Psychosis — a mental state characterized by false beliefs, known as delusions, or false sights or sounds, known as hallucinations — doesn’t typically get associated with depression. But according to the National Alliance on Mental Illness, about 20 percent of people with depression have episodes so severe that they see or hear things that are not there.
“People with this psychotic depression may become catatonic, not speak, or not leave their bed,” explained Halaris. Treatment may require a combination of antidepressant and antipsychotic medications. A review of 10 studies concluded that it may be best to start with an antidepressant drug alone and then add an antipsychotic drug if needed. Another review, however, found the combination of medications was more effective than either drug alone in treating psychotic depression.
If your periods of extreme lows are followed by periods of extreme highs, you could have bipolar disorder (sometimes called manic depressive disorder because symptoms can alternate between mania and depression).

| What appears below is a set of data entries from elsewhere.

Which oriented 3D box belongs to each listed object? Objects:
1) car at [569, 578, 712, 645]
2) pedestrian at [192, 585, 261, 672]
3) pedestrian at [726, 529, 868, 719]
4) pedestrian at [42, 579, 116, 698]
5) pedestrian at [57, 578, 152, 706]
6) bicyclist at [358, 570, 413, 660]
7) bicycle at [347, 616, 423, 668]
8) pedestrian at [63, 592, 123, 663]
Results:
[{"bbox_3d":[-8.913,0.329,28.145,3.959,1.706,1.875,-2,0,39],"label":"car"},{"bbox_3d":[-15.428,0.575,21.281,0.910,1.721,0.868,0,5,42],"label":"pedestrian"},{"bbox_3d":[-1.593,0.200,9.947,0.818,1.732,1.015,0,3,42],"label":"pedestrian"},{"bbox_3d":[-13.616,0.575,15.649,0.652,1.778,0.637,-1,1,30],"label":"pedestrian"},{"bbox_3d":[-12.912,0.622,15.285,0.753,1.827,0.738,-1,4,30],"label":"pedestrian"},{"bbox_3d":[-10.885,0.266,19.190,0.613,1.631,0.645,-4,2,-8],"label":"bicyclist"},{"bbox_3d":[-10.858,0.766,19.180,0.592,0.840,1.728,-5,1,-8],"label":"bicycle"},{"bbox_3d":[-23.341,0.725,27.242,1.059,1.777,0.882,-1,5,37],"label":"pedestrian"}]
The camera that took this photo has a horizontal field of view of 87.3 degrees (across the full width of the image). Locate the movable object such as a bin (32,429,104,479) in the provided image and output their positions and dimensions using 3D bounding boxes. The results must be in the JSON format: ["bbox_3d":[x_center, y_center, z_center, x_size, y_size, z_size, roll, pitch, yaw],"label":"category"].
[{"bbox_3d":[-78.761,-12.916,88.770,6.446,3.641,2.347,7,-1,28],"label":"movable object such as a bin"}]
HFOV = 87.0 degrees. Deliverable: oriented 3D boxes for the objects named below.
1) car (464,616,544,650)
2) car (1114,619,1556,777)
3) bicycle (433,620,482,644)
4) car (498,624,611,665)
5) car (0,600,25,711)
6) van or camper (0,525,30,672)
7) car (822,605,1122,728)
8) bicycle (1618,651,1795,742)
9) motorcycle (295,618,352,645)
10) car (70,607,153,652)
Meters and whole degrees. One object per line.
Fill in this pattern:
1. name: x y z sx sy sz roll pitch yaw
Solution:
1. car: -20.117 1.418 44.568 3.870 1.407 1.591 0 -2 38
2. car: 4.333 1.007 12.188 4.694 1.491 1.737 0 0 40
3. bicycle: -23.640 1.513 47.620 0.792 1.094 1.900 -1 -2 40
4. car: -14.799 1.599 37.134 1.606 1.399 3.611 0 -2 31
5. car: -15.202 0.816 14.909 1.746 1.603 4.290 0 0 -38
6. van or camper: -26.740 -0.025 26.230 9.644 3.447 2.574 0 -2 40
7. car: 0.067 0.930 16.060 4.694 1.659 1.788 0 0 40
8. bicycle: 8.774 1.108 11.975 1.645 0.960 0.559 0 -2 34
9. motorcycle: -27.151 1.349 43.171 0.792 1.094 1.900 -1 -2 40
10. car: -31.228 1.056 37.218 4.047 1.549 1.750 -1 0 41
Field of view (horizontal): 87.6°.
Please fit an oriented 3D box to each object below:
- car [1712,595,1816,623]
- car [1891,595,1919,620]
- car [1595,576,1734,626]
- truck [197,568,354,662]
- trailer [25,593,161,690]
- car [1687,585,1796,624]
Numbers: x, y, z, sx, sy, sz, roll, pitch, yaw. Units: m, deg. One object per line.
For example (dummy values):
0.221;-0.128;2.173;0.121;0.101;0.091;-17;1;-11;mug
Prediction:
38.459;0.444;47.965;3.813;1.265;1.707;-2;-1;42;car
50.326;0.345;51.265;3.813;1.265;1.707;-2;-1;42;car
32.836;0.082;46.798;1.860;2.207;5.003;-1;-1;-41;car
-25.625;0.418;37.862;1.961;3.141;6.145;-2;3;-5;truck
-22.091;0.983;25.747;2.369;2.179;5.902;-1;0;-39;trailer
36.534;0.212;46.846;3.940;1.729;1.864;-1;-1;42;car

Symptoms of mania include high energy, excitement, racing thoughts, and poor judgment. “Symptoms may cycle between depression and mania a few times per year or much more rapidly,” Halaris said. “This disorder affects about 2 to 3 percent of the population and has one of the highest risks for suicide.” Bipolar disorder has four basic subtypes: bipolar I (characterized by at least one manic episode); bipolar II (characterized by hypomanic episodes — which are milder — along with depression); cyclothymic disorder; and other specified bipolar and related disorder.
People with bipolar disorder are typically treated with drugs called mood stabilizers.
Premenstrual dysphoric disorder, or PMDD, is a type of depression that affects women during the second half of their menstrual cycles. Symptoms include depression, anxiety, and mood swings. Unlike premenstrual syndrome (PMS), which affects up to 85 percent of women and has milder symptoms, PMDD affects about 5 percent of women and is much more severe.
“PMDD can be severe enough to affect a woman’s relationships and her ability to function normally when symptoms are active,” said Halaris. Treatment may include a combination of depression drugs as well as talk and nutrition therapies.
Also called adjustment disorder, situational depression is triggered by a stressful or life-changing event, such as job loss, the death of a loved one, trauma — even a bad breakup.
Situational depression is about three times more common than major depression, and medications are rarely needed — that’s because it tends to clear up over time once the event has ended. However, that doesn’t mean it should be ignored: Symptoms of situational depression may include excessive sadness, worry, or nervousness, and if they don’t go away, they may become warning signs of major depression.